Created biomaterial for 3D-printing time human bones

Several temporary human vertebrae, printed the 3D-printer. Photo: Adam E. Jakus

Attempts to create materials for 3D-printing time human bones (osteoregenerativnye biomaterials) made repeatedly. Unfortunately, until now, they suffer from several drawbacks. Among them - the inability to quickly and accurately reproduce the new bone, the high cost and limited production capabilities, processing complexity of the surgical operation.

The new biomaterial is deprived of all these shortcomings. If all tests are successful, then after a few years people will be able to get a solid, superelastic and cheap artificial bones that will biodegrade in the body for several years (they are gradually replacing the natural bone tissue). Most interesting is that the technical process of extrusion material at room temperature, in theory, allow the bones even print on your home printer.

As scientists write new material HB (from hyperelastic "bone") is 90% by weight of hydroxyapatite and 10% of the PCL.

Hydroxyapatite Ca10 (PO4) 6 (OH) 2 is the main mineral component of natural human bone.

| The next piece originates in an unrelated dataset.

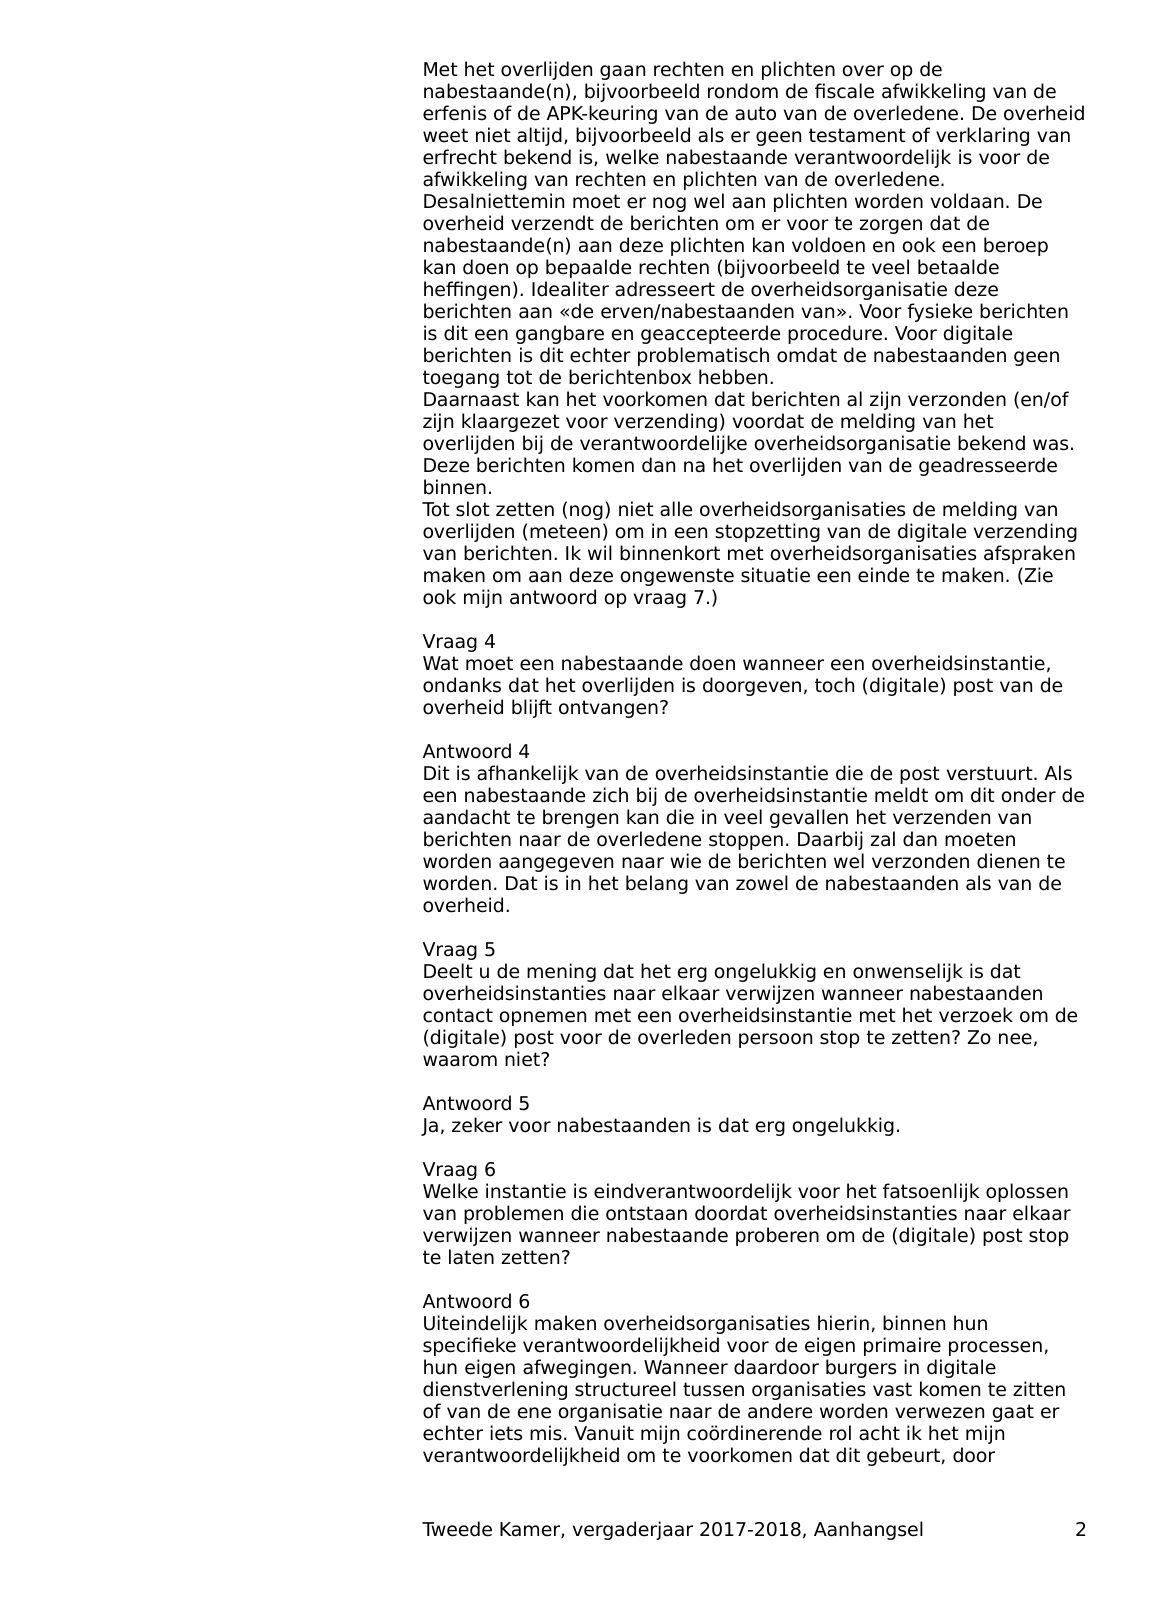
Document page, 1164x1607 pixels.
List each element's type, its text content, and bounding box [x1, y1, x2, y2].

Most of the bone it is about 50% of the total weight, and in the dental enamel - 96%. In medicine, a synthetic analogue of the long used in traumatology, orthopedics and bone surgery as a filler, a replacement of the lost bone. In dentistry, it is also used in toothpastes as remineralizing element that strengthens tooth enamel.

But polycaprolactone (PCL) is absent in biological materials. This is a biodegradable polyester that is used in industry for the production of polyurethanes. Because it makes biodegradable bags. In medicine, PCL also used as suture material and a thermal bioresorbable implant long-acting (filler) having the ability to stimulate the growth of fibrous tissue and fill up the volume at the expense of its own components. Many tablets of capsules releasing PCL, they dissolve in the body. In addition, PCL mass used in 3D-printing as a material for prototyping. The properties of the viscous PCL like a natural gum such as gutta-percha.

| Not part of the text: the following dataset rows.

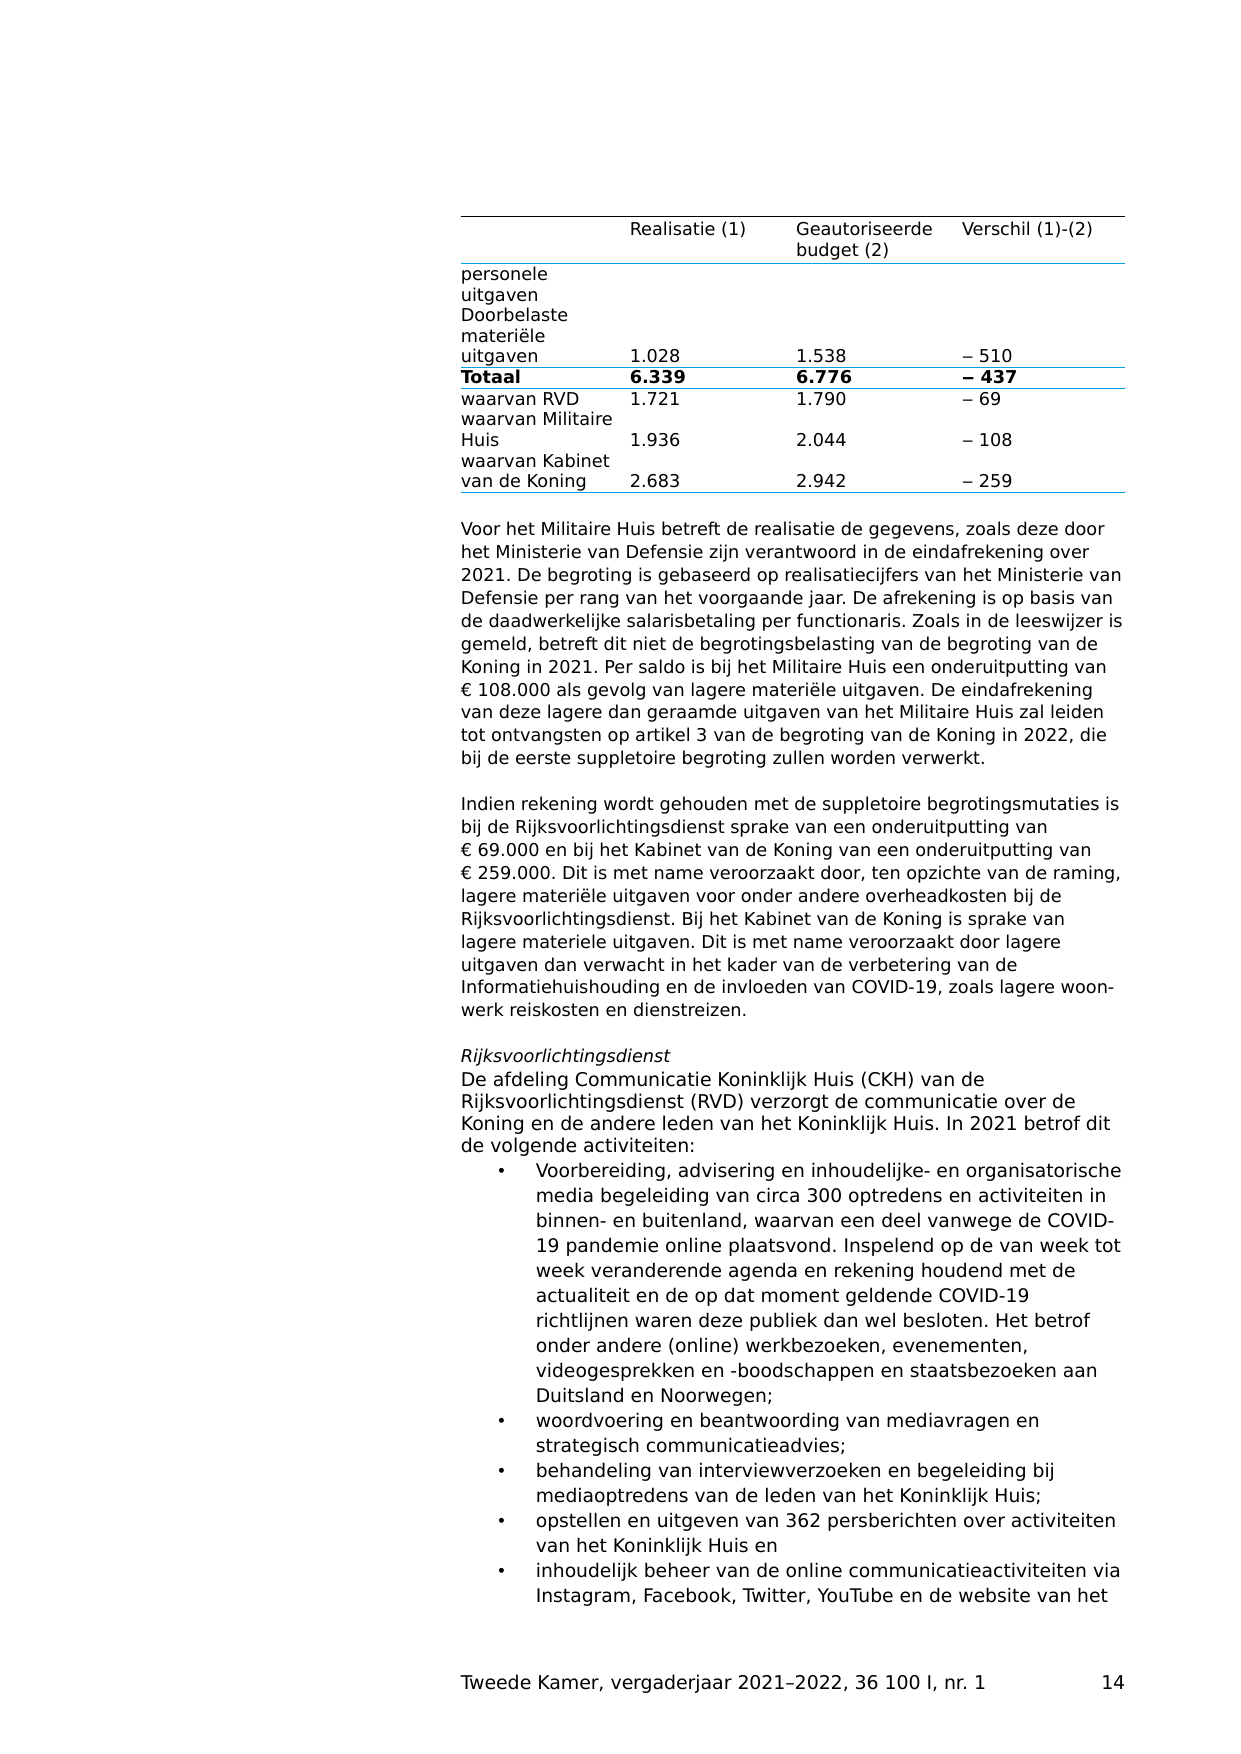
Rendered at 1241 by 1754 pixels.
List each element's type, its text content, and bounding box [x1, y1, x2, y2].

table_cell [627, 264, 793, 305]
table_cell Doorbelaste materiële uitgaven [461, 305, 627, 367]
list opstellen en uitgeven van 362 persberichten over activiteiten van het Koninklijk Huis en [498, 1507, 1125, 1557]
table_cell [793, 264, 959, 305]
text Rijksvoorlichtingsdienst [461, 1044, 1125, 1067]
table_cell 1.936 [627, 409, 793, 451]
table_cell 2.044 [793, 409, 959, 451]
table_cell waarvan Kabinet van de Koning [461, 451, 627, 492]
table_cell waarvan Militaire Huis [461, 409, 627, 451]
list woordvoering en beantwoording van mediavragen en strategisch communicatieadvies; [498, 1407, 1125, 1457]
table_cell [461, 217, 627, 263]
table_header Tabel 7 Doorbelaste uitgaven 2021 (bedragen x € 1.000) [461, 191, 1125, 216]
table_cell personele uitgaven [461, 264, 627, 305]
table_cell Realisatie (1) [627, 217, 793, 263]
table_cell Geautoriseerde budget (2) [793, 217, 959, 263]
table_cell ‒ 108 [959, 409, 1125, 451]
table_cell ‒ 259 [959, 451, 1125, 492]
table_cell 2.942 [793, 451, 959, 492]
table_cell 1.790 [793, 389, 959, 409]
list inhoudelijk beheer van de online communicatieactiviteiten via Instagram, Facebook, Twitter, YouTube en de website van het [498, 1557, 1125, 1607]
table_cell 2.683 [627, 451, 793, 492]
table_cell Totaal [461, 368, 627, 388]
list behandeling van interviewverzoeken en begeleiding bij mediaoptredens van de leden van het Koninklijk Huis; [498, 1457, 1125, 1507]
text Indien rekening wordt gehouden met de suppletoire begrotingsmutaties is bij de Rijksvoorlichtingsdienst sprake van een onderuitputting van € 69.000 en bij het Kabinet van de Koning van een onderuitputting van € 259.000. Dit is met name veroorzaakt door, ten opzichte van de raming, lagere materiële uitgaven voor onder andere overheadkosten bij de Rijksvoorlichtingsdienst. Bij het Kabinet van de Koning is sprake van lagere materiele uitgaven. Dit is met name veroorzaakt door lagere uitgaven dan verwacht in het kader van de verbetering van de Informatiehuishouding en de invloeden van COVID-19, zoals lagere woon-werk reiskosten en dienstreizen. [461, 792, 1125, 1021]
table_cell 6.339 [627, 368, 793, 388]
text Voor het Militaire Huis betreft de realisatie de gegevens, zoals deze door het Ministerie van Defensie zijn verantwoord in de eindafrekening over 2021. De begroting is gebaseerd op realisatiecijfers van het Ministerie van Defensie per rang van het voorgaande jaar. De afrekening is op basis van de daadwerkelijke salarisbetaling per functionaris. Zoals in de leeswijzer is gemeld, betreft dit niet de begrotingsbelasting van de begroting van de Koning in 2021. Per saldo is bij het Militaire Huis een onderuitputting van € 108.000 als gevolg van lagere materiële uitgaven. De eindafrekening van deze lagere dan geraamde uitgaven van het Militaire Huis zal leiden tot ontvangsten op artikel 3 van de begroting van de Koning in 2022, die bij de eerste suppletoire begroting zullen worden verwerkt. [461, 517, 1125, 769]
table_cell Verschil (1)-(2) [959, 217, 1125, 263]
list Voorbereiding, advisering en inhoudelijke- en organisatorische media begeleiding van circa 300 optredens en activiteiten in binnen- en buitenland, waarvan een deel vanwege de COVID-19 pandemie online plaatsvond. Inspelend op de van week tot week veranderende agenda en rekening houdend met de actualiteit en de op dat moment geldende COVID-19 richtlijnen waren deze publiek dan wel besloten. Het betrof onder andere (online) werkbezoeken, evenementen, videogesprekken en -boodschappen en staatsbezoeken aan Duitsland en Noorwegen; [498, 1157, 1125, 1407]
text De afdeling Communicatie Koninklijk Huis (CKH) van de Rijksvoorlichtingsdienst (RVD) verzorgt de communicatie over de Koning en de andere leden van het Koninklijk Huis. In 2021 betrof dit de volgende activiteiten: [461, 1069, 1125, 1157]
table_cell 1.538 [793, 305, 959, 367]
table_cell 1.028 [627, 305, 793, 367]
table_cell ‒ 437 [959, 368, 1125, 388]
table_cell 6.776 [793, 368, 959, 388]
table_cell waarvan RVD [461, 389, 627, 409]
table_cell ‒ 510 [959, 305, 1125, 367]
table_cell ‒ 69 [959, 389, 1125, 409]
table_cell [959, 264, 1125, 305]
table_cell 1.721 [627, 389, 793, 409]

Experiments showed that such an artificial bone structure can quickly print at room temperature at a speed of up to 275 cm3 / hr extrusion, that is by pushing or viscous melt material forming a thick paste through the hole. To create a viscous mixture, which is loaded into the printer, use a special solvent.

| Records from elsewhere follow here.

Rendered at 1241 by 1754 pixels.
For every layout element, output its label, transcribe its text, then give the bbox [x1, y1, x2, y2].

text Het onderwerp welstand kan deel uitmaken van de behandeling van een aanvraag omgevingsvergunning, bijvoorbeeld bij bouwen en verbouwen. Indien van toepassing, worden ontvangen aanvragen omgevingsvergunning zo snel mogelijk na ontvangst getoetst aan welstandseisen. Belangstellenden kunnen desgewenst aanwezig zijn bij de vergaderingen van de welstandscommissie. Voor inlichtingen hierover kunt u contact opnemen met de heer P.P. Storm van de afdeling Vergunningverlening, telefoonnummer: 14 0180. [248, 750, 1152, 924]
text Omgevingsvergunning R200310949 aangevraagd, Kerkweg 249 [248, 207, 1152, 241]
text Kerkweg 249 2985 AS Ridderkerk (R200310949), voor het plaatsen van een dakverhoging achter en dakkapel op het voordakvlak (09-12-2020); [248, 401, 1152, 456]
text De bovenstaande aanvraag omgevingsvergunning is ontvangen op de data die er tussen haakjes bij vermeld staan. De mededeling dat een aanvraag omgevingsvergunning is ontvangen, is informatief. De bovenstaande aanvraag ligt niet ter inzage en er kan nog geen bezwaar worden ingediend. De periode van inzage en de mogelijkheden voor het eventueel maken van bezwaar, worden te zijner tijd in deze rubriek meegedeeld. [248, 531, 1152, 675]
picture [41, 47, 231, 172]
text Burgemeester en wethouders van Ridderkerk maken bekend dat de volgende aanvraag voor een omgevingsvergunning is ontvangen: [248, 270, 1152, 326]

Print implant traditional extruded at room temperature - it is a great advantage because other bone implants are at high temperature with the use of lasers, explains Ramil Shah, lead author of the research and the head of the research team from Northwestern University (USA) . Sami researchers during experiments using a commercially available printer 3D-Bioplotter System manufactured by EnvisionTec. This device can be purchased at prices ranging from $ 250,000 to $ 300,000.

Of course, in the household of such a printer would be too expensive acquisition. But every hospital or surgery center may well afford it. In fact, even individuals can pool their savings to buy such printers and print new bone itself or pet if necessary (of course, for the operation, it is desirable to turn to a professional surgeon).

Artificial bone show good mechanical properties: tensile deformability (strain to failure) from 32% to 67%, modulus of 4 to 11 MPa. Therefore, it is elastic and durable material. It is also characterized by a high absorption capacity (porosity 50%), maintains the viability and propagation of living cells. Tests have shown that the material not interfere with the formation of bone marrow mesenchymal stem cells.

So far, the biocompatibility HB tested only in laboratory animals, but these experiments were very promising. Subcutaneous implants in mice did not cause rejection within 7-35 days. In rats, the bone graft has been installed in the posterolateral portion of the spine (posterolateral arthrodesis) for 8 weeks, it was observed the formation of new bone. Also held on the primacy of experience with damage to the skull (4 weeks).

During all experiments HB did not cause a negative reaction of the immune system. At the same time normal vascularisation (blood vessels formation) was observed, artificial bone to quickly integrate into the surrounding tissue quickly ossified and supported the growth of new bone tissue without any additional intervention. It is expected that as the biodegradable material it will take place live natural bone tissue with blood vessels.

It is important to note that while the strength and elasticity of the material is not new and brittle not brittle like most other implants. That is, the surgeon can cut a fragment of an artificial bone without splintering - a common problem with other implants.

The researchers hope that they will get permission to begin human trials within five years. Currently in the United States, no material for 3D-printing is not approved by regulatory authorities as a regenerative bone material. HB could be the first.